Computer Go - Performance

Performance

Go has long been considered a difficult challenge in the field of AI and is considerably more difficult to solve than chess. Mathematician I. J. Good wrote in a 1965 New Scientist

"Go on a computer? – In order to programme a computer to play a reasonable game of Go, rather than merely a legal game – it is necessary to formalise the principles of good strategy, or to design a learning programme. The principles are more qualitative and mysterious than in chess, and depend more on judgment. So I think it will be even more difficult to programme a computer to play a reasonable game of Go than of chess."

The first Go program was written by Albert Zobrist in 1968 as part of his thesis on pattern recognition. It introduced an influence function to estimate territory and Zobrist hashing to detect ko.

Recent developments in Monte Carlo Tree Search and machine learning have brought the best programs to high dan level on the small 9x9 board. In 2009, the first such programs appeared which could reach and hold low dan-level ranks on the KGS Go Server also on the 19x19 board.
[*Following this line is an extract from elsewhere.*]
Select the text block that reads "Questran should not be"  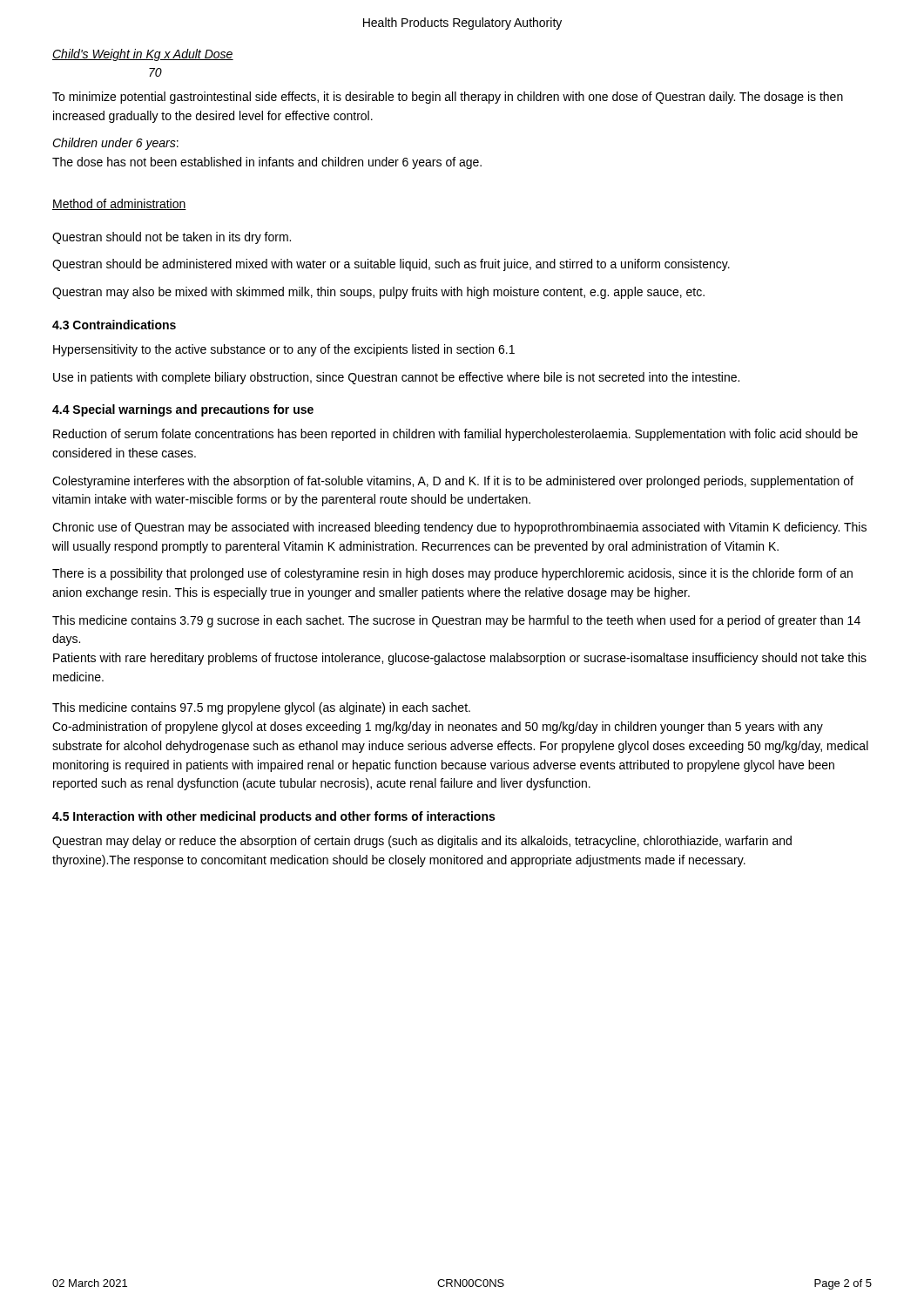(172, 237)

In 2012, the best Go program on KGS is ranked 6 dan. In 1998, very strong players were able to beat computer programs at handicaps of 25–30 stones, an enormous handicap that few human players would ever take. There was a case in the 1994 World Computer Go Championship where the winning program, Go Intellect, lost all 3 games against the youth players on a 15-stone handicap. In general, players who understood and exploited a program's weaknesses could win with much larger handicaps than typical players.